Une jeune femme dans un atelier de musique.

Kassandra-Anne Demers dans son nouveau studio de musique à Chapleau.

Photo : Radio-Canada / Jimmy Chabot

Maîtrise en musique en poche, Kassandra-Anne Demers pouvait aspirer à accompagner les plus grands orchestres du monde au piano. La native de Chapleau, dans le Nord de l’Ontario, a plutôt choisi de rentrer à la maison pour enseigner dans le petit village de 2000 habitants, isolé des grands centres.

Âgée de 12 ans, Sophia Orton rêvait depuis longtemps d’apprendre le piano, mais on n’avait pas de cours de musique à notre école.

Avant le retour de Kassandra-Anne Demers, les habitants de Chapleau apprenaient la musique des livres ou sur YouTube. Il y avait aussi un enseignant de musique, raconte Sophia.

Des gens prennent des cours de piano.

Sophia Orton et sa mère suivent des cours à l'Académie de piano de Chapleau.

Photo : Radio-Canada / Jimmy Chabot

Kassandra-Anne Demers se souvient d’avoir eu une expérience semblable à la petite école. Elle avoue avoir appris à l'oreille à jouer du piano en écoutant sa famille le faire.

Je ne savais même pas lire la musique en finissant le secondaire, renchérit-elle.

« Dans mon trajet d’école [à Chapleau], il y avait beaucoup de musique, les professeurs essayaient, mais ce n’était pas des gens instruits dans la musique.

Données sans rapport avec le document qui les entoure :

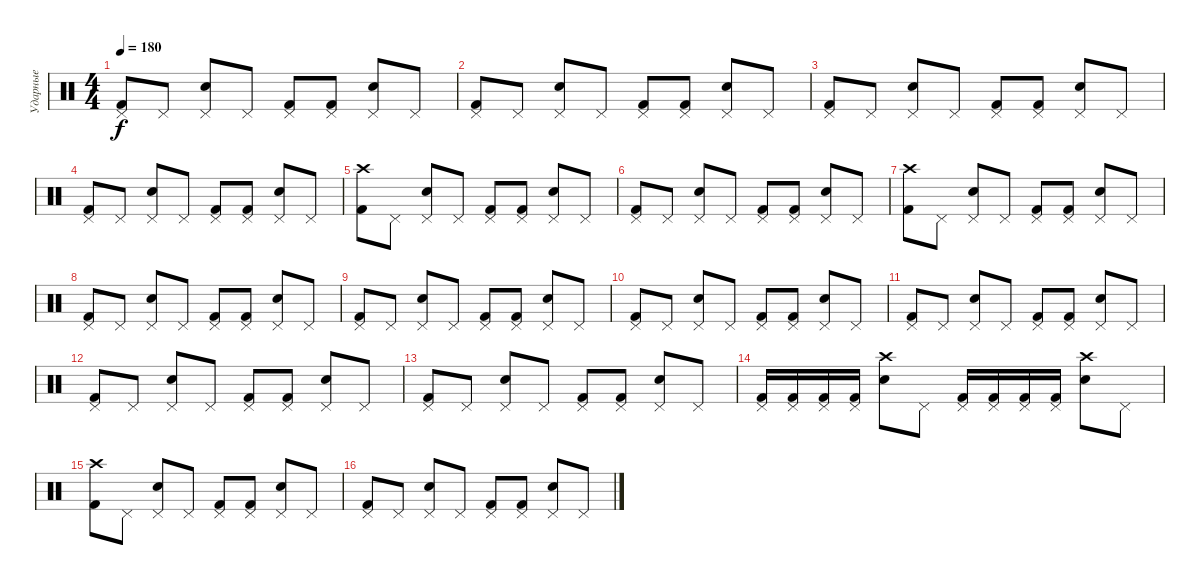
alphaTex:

\track ("Ударные" "Ударные") {instrument percussion}
\staff {score}
\articulation defaults
\ts (4 4)
\tempo 180
\clef neutral
\ks c
("Kick (hit) 2" "Pedal Hi-Hat (hit)").8{dy f} "Pedal Hi-Hat (hit)".8 ("Electric Snare (hit)" "Pedal Hi-Hat (hit)").8 "Pedal Hi-Hat (hit)".8 ("Pedal Hi-Hat (hit)" "Kick (hit) 2").8 ("Pedal Hi-Hat (hit)" "Kick (hit) 2").8 ("Electric Snare (hit)" "Pedal Hi-Hat (hit)").8 "Pedal Hi-Hat (hit)".8 |
("Kick (hit) 2" "Pedal Hi-Hat (hit)").8 "Pedal Hi-Hat (hit)".8 ("Electric Snare (hit)" "Pedal Hi-Hat (hit)").8 "Pedal Hi-Hat (hit)".8 ("Pedal Hi-Hat (hit)" "Kick (hit) 2").8 ("Pedal Hi-Hat (hit)" "Kick (hit) 2").8 ("Electric Snare (hit)" "Pedal Hi-Hat (hit)").8 "Pedal Hi-Hat (hit)".8 |
("Kick (hit) 2" "Pedal Hi-Hat (hit)").8 "Pedal Hi-Hat (hit)".8 ("Electric Snare (hit)" "Pedal Hi-Hat (hit)").8 "Pedal Hi-Hat (hit)".8 ("Pedal Hi-Hat (hit)" "Kick (hit) 2").8 ("Pedal Hi-Hat (hit)" "Kick (hit) 2").8 ("Electric Snare (hit)" "Pedal Hi-Hat (hit)").8 "Pedal Hi-Hat (hit)".8 |
("Kick (hit) 2" "Pedal Hi-Hat (hit)").8 "Pedal Hi-Hat (hit)".8 ("Electric Snare (hit)" "Pedal Hi-Hat (hit)").8 "Pedal Hi-Hat (hit)".8 ("Pedal Hi-Hat (hit)" "Kick (hit) 2").8 ("Pedal Hi-Hat (hit)" "Kick (hit) 2").8 ("Electric Snare (hit)" "Pedal Hi-Hat (hit)").8 "Pedal Hi-Hat (hit)".8 |
("Kick (hit) 2" "Crash high (hit)").8 "Pedal Hi-Hat (hit)".8 ("Electric Snare (hit)" "Pedal Hi-Hat (hit)").8 "Pedal Hi-Hat (hit)".8 ("Pedal Hi-Hat (hit)" "Kick (hit) 2").8 ("Pedal Hi-Hat (hit)" "Kick (hit) 2").8 ("Electric Snare (hit)" "Pedal Hi-Hat (hit)").8 "Pedal Hi-Hat (hit)".8 |
("Kick (hit) 2" "Pedal Hi-Hat (hit)").8 "Pedal Hi-Hat (hit)".8 ("Electric Snare (hit)" "Pedal Hi-Hat (hit)").8 "Pedal Hi-Hat (hit)".8 ("Pedal Hi-Hat (hit)" "Kick (hit) 2").8 ("Pedal Hi-Hat (hit)" "Kick (hit) 2").8 ("Electric Snare (hit)" "Pedal Hi-Hat (hit)").8 "Pedal Hi-Hat (hit)".8 |
("Kick (hit) 2" "Crash high (hit)").8 "Pedal Hi-Hat (hit)".8 ("Electric Snare (hit)" "Pedal Hi-Hat (hit)").8 "Pedal Hi-Hat (hit)".8 ("Pedal Hi-Hat (hit)" "Kick (hit) 2").8 ("Pedal Hi-Hat (hit)" "Kick (hit) 2").8 ("Electric Snare (hit)" "Pedal Hi-Hat (hit)").8 "Pedal Hi-Hat (hit)".8 |
("Kick (hit) 2" "Pedal Hi-Hat (hit)").8 "Pedal Hi-Hat (hit)".8 ("Electric Snare (hit)" "Pedal Hi-Hat (hit)").8 "Pedal Hi-Hat (hit)".8 ("Pedal Hi-Hat (hit)" "Kick (hit) 2").8 ("Pedal Hi-Hat (hit)" "Kick (hit) 2").8 ("Electric Snare (hit)" "Pedal Hi-Hat (hit)").8 "Pedal Hi-Hat (hit)".8 |
("Kick (hit) 2" "Pedal Hi-Hat (hit)").8 "Pedal Hi-Hat (hit)".8 ("Electric Snare (hit)" "Pedal Hi-Hat (hit)").8 "Pedal Hi-Hat (hit)".8 ("Pedal Hi-Hat (hit)" "Kick (hit) 2").8 ("Pedal Hi-Hat (hit)" "Kick (hit) 2").8 ("Electric Snare (hit)" "Pedal Hi-Hat (hit)").8 "Pedal Hi-Hat (hit)".8 |
("Kick (hit) 2" "Pedal Hi-Hat (hit)").8 "Pedal Hi-Hat (hit)".8 ("Electric Snare (hit)" "Pedal Hi-Hat (hit)").8 "Pedal Hi-Hat (hit)".8 ("Pedal Hi-Hat (hit)" "Kick (hit) 2").8 ("Pedal Hi-Hat (hit)" "Kick (hit) 2").8 ("Electric Snare (hit)" "Pedal Hi-Hat (hit)").8 "Pedal Hi-Hat (hit)".8 |
("Kick (hit) 2" "Pedal Hi-Hat (hit)").8 "Pedal Hi-Hat (hit)".8 ("Electric Snare (hit)" "Pedal Hi-Hat (hit)").8 "Pedal Hi-Hat (hit)".8 ("Pedal Hi-Hat (hit)" "Kick (hit) 2").8 ("Pedal Hi-Hat (hit)" "Kick (hit) 2").8 ("Electric Snare (hit)" "Pedal Hi-Hat (hit)").8 "Pedal Hi-Hat (hit)".8 |
("Kick (hit) 2" "Pedal Hi-Hat (hit)").8 "Pedal Hi-Hat (hit)".8 ("Electric Snare (hit)" "Pedal Hi-Hat (hit)").8 "Pedal Hi-Hat (hit)".8 ("Pedal Hi-Hat (hit)" "Kick (hit) 2").8 ("Pedal Hi-Hat (hit)" "Kick (hit) 2").8 ("Electric Snare (hit)" "Pedal Hi-Hat (hit)").8 "Pedal Hi-Hat (hit)".8 |
("Kick (hit) 2" "Pedal Hi-Hat (hit)").8 "Pedal Hi-Hat (hit)".8 ("Electric Snare (hit)" "Pedal Hi-Hat (hit)").8 "Pedal Hi-Hat (hit)".8 ("Pedal Hi-Hat (hit)" "Kick (hit) 2").8 ("Pedal Hi-Hat (hit)" "Kick (hit) 2").8 ("Electric Snare (hit)" "Pedal Hi-Hat (hit)").8 "Pedal Hi-Hat (hit)".8 |
("Kick (hit) 2" "Pedal Hi-Hat (hit)").16 ("Kick (hit) 2" "Pedal Hi-Hat (hit)").16 ("Kick (hit) 2" "Pedal Hi-Hat (hit)").16 ("Kick (hit) 2" "Pedal Hi-Hat (hit)").16 ("Electric Snare (hit)" "Crash high (hit)").8 "Pedal Hi-Hat (hit)".8 ("Kick (hit) 2" "Pedal Hi-Hat (hit)").16 ("Kick (hit) 2" "Pedal Hi-Hat (hit)").16 ("Kick (hit) 2" "Pedal Hi-Hat (hit)").16 ("Kick (hit) 2" "Pedal Hi-Hat (hit)").16 ("Electric Snare (hit)" "Crash high (hit)").8 "Pedal Hi-Hat (hit)".8 |
("Kick (hit) 2" "Crash high (hit)").8 "Pedal Hi-Hat (hit)".8 ("Electric Snare (hit)" "Pedal Hi-Hat (hit)").8 "Pedal Hi-Hat (hit)".8 ("Pedal Hi-Hat (hit)" "Kick (hit) 2").8 ("Pedal Hi-Hat (hit)" "Kick (hit) 2").8 ("Electric Snare (hit)" "Pedal Hi-Hat (hit)").8 "Pedal Hi-Hat (hit)".8 |
("Kick (hit) 2" "Pedal Hi-Hat (hit)").8 "Pedal Hi-Hat (hit)".8 ("Electric Snare (hit)" "Pedal Hi-Hat (hit)").8 "Pedal Hi-Hat (hit)".8 ("Pedal Hi-Hat (hit)" "Kick (hit) 2").8 ("Pedal Hi-Hat (hit)" "Kick (hit) 2").8 ("Electric Snare (hit)" "Pedal Hi-Hat (hit)").8 "Pedal Hi-Hat (hit)".8

Notre éducation n’était pas de qualité que j’ai vue dans les grosses villes. »

— Une citation de  Kassandra-Anne Demers

C'est l'une des raisons qui l’ont motivée à redonner au suivant en fondant une académie de piano après avoir obtenu sa maîtrise à l’Université d’Ottawa.

L’art et la musique en général, c'est fait pour être partagé. Donc, ça me faisait vraiment chaud au cœur de revenir à ma ville natale puis d'être capable d’offrir un service professionnel et de qualité aux gens avec qui j’ai grandi.

Un diplômé au mur.

Kassandra-Anne Demers a notamment eu comme enseignant David Jalbert considéré comme l'un des 15 meilleurs pianistes classiques au pays.

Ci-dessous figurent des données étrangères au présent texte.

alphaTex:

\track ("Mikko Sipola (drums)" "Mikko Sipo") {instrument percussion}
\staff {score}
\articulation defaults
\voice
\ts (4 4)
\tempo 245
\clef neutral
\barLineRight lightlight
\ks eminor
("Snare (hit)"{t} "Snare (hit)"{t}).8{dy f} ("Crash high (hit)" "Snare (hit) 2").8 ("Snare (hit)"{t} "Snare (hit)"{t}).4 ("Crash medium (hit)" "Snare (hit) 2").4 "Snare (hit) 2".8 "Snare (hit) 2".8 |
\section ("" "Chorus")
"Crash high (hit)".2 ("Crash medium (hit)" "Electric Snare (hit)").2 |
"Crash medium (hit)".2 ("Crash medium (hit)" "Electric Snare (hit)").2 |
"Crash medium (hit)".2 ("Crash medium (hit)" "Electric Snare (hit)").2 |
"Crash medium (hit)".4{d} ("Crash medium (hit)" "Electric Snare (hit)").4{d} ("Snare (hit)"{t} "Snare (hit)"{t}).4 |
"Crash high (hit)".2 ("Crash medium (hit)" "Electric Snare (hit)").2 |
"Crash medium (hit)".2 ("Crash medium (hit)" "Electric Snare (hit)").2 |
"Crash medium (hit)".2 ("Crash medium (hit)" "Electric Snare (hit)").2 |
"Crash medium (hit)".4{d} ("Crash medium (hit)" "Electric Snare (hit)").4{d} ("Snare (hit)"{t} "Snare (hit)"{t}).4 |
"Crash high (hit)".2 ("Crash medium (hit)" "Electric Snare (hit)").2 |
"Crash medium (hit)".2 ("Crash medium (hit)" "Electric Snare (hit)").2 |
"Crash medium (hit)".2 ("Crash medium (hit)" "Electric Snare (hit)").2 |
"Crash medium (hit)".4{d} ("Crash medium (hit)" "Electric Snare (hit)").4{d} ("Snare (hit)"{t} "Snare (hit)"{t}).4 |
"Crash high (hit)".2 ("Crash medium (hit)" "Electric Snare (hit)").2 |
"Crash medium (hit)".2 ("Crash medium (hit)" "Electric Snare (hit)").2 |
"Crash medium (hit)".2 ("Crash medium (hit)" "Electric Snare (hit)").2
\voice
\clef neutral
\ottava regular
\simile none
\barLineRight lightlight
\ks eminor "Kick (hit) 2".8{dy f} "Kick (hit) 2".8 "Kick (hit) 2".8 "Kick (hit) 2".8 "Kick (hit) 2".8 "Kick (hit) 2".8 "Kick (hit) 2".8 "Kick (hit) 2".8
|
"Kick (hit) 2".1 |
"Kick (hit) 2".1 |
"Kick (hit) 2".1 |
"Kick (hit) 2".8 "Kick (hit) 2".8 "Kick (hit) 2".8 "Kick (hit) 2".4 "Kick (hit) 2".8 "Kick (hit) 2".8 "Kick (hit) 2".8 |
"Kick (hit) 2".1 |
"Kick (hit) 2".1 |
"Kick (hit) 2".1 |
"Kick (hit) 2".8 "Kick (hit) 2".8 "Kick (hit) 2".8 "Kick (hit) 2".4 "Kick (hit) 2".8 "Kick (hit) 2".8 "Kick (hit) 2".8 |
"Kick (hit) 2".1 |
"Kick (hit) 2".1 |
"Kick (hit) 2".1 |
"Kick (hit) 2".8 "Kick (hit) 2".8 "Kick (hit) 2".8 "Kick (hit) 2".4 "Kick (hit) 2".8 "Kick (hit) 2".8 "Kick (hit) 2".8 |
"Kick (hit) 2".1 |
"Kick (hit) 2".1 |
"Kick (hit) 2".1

Photo : Radio-Canada / Jimmy Chabot

Âgée de 30 ans, Kassandra-Anne partage ainsi un bagage musical des plus impressionnants.

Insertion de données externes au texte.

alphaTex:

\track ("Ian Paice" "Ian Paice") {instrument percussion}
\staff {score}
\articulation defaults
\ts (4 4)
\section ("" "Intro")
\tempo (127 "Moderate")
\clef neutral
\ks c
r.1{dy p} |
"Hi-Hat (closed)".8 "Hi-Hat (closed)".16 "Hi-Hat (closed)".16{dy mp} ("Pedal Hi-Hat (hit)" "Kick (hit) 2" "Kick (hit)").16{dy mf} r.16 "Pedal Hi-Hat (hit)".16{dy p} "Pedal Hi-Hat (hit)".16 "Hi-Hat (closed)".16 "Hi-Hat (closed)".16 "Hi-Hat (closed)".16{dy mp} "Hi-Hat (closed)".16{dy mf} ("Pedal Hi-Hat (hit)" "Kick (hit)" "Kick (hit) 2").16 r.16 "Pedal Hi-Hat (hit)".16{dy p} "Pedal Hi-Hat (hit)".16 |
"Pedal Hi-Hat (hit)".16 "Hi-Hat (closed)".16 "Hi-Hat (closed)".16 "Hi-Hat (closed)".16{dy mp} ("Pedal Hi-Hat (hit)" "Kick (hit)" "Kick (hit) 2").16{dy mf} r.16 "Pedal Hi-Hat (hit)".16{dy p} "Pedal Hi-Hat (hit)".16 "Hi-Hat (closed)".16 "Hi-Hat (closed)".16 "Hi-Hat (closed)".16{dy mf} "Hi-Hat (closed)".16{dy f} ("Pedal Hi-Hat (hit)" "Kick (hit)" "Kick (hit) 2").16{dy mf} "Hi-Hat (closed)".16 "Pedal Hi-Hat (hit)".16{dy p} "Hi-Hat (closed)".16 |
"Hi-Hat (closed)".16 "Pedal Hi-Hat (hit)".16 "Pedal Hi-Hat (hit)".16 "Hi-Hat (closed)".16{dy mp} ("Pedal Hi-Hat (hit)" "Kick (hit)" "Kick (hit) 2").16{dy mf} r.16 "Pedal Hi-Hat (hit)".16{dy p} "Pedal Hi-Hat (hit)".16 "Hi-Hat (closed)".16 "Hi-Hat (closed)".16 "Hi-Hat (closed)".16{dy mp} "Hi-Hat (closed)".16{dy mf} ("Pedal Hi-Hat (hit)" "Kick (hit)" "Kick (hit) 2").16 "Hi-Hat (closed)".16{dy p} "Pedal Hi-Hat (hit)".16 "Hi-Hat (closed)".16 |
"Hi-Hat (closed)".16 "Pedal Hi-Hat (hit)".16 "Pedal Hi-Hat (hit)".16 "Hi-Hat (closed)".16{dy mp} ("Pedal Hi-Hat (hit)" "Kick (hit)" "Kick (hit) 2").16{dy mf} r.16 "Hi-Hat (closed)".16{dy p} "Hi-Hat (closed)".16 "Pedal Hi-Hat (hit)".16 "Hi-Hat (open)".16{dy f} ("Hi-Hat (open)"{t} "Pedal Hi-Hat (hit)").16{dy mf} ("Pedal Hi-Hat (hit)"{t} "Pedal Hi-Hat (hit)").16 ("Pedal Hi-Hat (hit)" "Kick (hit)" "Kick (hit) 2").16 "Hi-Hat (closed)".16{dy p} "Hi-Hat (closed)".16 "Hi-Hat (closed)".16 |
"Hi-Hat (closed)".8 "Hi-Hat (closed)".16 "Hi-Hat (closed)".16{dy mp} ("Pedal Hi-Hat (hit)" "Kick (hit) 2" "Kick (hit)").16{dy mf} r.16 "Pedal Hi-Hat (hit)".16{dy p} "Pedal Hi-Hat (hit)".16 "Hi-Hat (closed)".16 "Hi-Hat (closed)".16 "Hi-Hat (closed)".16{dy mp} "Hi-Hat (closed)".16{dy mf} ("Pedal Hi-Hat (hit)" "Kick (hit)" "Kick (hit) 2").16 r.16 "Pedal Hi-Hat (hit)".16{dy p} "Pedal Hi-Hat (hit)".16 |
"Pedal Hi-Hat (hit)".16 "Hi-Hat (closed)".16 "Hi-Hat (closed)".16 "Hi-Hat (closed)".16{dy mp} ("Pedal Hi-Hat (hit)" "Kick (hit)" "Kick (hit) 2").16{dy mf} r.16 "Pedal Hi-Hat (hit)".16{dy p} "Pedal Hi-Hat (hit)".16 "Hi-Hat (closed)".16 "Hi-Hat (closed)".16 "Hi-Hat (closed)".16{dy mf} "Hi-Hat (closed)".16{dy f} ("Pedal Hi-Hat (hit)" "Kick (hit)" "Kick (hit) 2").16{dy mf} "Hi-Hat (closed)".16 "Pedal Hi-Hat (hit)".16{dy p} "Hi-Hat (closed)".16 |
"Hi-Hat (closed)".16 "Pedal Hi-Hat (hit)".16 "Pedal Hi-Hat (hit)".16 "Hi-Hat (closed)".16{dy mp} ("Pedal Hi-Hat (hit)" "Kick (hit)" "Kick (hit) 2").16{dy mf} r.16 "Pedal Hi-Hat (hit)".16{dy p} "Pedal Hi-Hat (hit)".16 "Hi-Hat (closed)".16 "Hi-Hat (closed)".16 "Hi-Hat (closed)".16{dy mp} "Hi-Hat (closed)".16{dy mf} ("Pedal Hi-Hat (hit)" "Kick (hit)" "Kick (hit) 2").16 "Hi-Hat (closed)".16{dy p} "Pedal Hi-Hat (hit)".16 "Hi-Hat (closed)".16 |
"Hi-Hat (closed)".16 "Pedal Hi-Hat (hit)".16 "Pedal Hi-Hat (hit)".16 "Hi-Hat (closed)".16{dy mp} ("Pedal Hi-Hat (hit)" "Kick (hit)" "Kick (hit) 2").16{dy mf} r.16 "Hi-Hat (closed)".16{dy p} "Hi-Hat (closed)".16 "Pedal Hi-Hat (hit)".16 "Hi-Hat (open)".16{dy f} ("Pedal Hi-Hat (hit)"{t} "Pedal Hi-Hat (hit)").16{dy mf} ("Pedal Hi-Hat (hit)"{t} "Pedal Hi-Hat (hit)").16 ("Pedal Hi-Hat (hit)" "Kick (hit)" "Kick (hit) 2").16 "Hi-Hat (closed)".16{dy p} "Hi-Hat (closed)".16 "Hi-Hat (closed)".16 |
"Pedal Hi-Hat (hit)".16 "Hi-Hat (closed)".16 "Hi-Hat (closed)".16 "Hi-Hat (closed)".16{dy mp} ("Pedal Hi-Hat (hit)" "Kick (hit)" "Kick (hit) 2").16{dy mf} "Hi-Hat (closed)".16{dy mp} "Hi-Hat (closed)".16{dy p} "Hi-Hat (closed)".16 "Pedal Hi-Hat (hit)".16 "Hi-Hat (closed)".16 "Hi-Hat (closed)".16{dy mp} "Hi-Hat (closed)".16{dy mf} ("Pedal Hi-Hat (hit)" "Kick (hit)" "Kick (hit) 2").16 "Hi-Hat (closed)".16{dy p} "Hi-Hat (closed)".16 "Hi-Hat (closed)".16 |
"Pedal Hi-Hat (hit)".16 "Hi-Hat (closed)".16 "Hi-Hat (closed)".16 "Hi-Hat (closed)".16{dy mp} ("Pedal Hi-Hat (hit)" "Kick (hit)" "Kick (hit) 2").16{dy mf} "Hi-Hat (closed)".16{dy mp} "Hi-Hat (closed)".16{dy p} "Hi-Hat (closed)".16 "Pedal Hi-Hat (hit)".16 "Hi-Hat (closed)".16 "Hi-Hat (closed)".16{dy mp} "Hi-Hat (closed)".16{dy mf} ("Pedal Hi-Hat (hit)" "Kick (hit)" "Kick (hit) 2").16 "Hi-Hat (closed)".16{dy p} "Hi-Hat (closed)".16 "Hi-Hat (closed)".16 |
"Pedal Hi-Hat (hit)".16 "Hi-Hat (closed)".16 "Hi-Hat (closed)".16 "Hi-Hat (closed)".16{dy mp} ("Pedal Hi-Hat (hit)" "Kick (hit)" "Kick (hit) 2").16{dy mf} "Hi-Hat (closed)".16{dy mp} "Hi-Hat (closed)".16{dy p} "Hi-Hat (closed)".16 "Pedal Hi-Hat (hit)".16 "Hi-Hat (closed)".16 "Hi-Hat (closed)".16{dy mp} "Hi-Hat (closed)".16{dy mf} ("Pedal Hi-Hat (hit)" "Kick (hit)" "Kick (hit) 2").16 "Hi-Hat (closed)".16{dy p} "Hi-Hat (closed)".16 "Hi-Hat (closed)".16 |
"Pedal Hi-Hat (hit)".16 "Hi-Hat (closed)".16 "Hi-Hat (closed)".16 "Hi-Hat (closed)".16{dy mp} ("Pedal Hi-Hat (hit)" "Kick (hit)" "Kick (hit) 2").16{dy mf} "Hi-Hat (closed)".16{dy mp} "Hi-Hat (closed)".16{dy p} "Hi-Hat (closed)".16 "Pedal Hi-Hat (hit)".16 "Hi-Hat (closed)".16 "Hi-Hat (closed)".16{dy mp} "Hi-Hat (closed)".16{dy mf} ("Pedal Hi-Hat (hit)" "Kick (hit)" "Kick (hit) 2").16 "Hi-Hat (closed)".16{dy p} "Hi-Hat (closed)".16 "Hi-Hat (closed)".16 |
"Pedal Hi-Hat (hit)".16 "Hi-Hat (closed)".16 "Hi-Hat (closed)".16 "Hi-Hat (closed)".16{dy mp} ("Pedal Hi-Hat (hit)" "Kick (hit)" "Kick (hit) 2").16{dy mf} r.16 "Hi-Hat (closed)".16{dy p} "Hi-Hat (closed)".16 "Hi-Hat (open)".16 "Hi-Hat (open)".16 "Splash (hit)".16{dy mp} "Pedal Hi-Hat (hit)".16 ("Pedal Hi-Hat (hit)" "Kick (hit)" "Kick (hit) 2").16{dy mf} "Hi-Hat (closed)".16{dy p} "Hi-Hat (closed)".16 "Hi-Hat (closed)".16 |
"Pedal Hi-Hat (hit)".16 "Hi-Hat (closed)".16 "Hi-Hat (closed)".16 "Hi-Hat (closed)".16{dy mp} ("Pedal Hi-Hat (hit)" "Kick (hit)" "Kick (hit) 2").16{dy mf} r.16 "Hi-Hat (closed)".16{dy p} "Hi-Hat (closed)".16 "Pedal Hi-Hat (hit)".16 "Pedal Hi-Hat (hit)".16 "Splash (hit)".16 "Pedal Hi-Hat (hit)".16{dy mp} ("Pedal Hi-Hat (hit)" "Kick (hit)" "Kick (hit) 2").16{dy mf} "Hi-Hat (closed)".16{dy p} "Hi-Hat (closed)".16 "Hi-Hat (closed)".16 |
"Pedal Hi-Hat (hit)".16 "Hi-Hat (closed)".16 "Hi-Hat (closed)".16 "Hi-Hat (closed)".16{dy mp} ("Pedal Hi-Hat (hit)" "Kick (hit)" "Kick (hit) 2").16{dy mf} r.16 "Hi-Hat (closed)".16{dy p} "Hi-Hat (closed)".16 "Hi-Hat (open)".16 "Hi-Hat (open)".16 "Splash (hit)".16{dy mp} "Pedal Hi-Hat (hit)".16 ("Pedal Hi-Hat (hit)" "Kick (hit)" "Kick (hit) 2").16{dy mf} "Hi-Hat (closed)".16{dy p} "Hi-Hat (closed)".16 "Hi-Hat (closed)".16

J’ai joué de la musique en Écosse, un petit peu en Europe, à Terre-Neuve, au Québec et en Ontario beaucoup. Je continue à faire des interprétations [classiques] quand je suis invitée, raconte celle qui a aussi joué avec l'orchestre de l'Université Memorial à Terre-Neuve.

Les offres les plus prestigieuses s’offrent à elle, mais elle les refuse comme son cœur l’appelle à aider son prochain à la maison.

J’ai eu des opportunités pour enseigner à l’Université d’Ottawa, mais je ne me sentais pas inspirée dans ce domaine. Je voulais plus faire un grand impact et pour moi revenir à Chapleau, avec des gens que je connais et qui sont plus proches dans mon cercle, ça valait plus.

Depuis septembre, l’Académie de Kassandra-Anne a emménagé dans un studio au centre-ville de Chapleau et compte une trentaine d’étudiants de quatre à 70 ans.